Would you retype exactly the lines below, from the one containing "Formatted like this" through the end of the entries, both ends included, but not the pictures?

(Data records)
——————————
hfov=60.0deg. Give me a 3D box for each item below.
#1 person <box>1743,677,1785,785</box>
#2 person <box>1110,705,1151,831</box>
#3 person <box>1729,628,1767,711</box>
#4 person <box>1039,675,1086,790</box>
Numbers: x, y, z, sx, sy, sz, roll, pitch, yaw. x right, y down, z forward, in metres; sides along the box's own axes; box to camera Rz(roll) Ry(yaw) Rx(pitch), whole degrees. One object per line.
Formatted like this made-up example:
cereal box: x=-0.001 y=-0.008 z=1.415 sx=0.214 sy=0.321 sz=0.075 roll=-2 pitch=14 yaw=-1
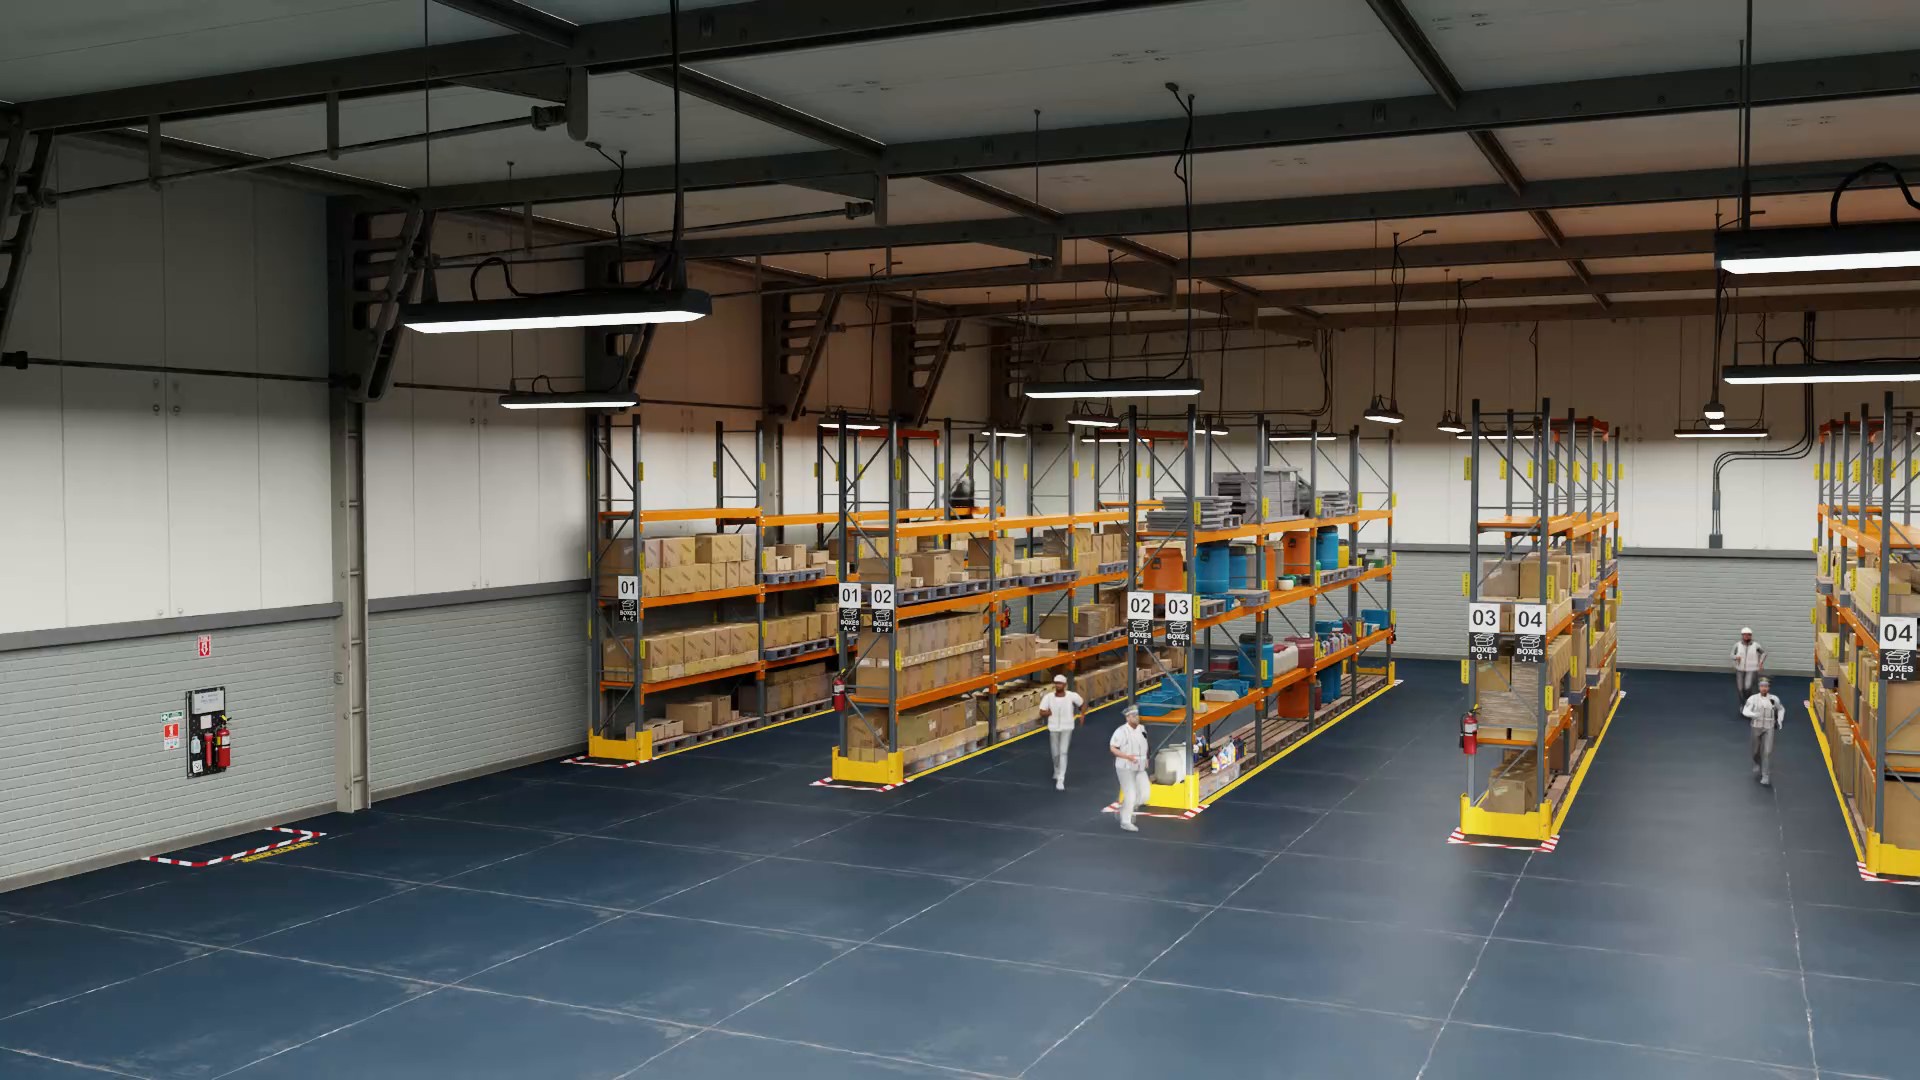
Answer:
person: x=12.949 y=3.040 z=26.791 sx=0.617 sy=1.673 sz=0.904 roll=1 pitch=3 yaw=26
person: x=2.430 y=3.192 z=23.300 sx=0.707 sy=1.760 sz=0.610 roll=-1 pitch=3 yaw=-32
person: x=16.243 y=2.712 z=34.349 sx=0.657 sy=1.803 sz=0.689 roll=2 pitch=3 yaw=38
person: x=1.591 y=3.020 z=26.444 sx=0.707 sy=1.742 sz=1.027 roll=1 pitch=2 yaw=16
——————————
RESPONSE TO THE TASK.
Formatted like this made-up example:
cereal box: x=-0.001 y=-0.008 z=1.415 sx=0.214 sy=0.321 sz=0.075 roll=-2 pitch=14 yaw=-1
Answer:
person: x=12.949 y=3.040 z=26.791 sx=0.617 sy=1.673 sz=0.904 roll=1 pitch=3 yaw=26
person: x=2.430 y=3.192 z=23.300 sx=0.707 sy=1.760 sz=0.610 roll=-1 pitch=3 yaw=-32
person: x=16.243 y=2.712 z=34.349 sx=0.657 sy=1.803 sz=0.689 roll=2 pitch=3 yaw=38
person: x=1.591 y=3.020 z=26.444 sx=0.707 sy=1.742 sz=1.027 roll=1 pitch=2 yaw=16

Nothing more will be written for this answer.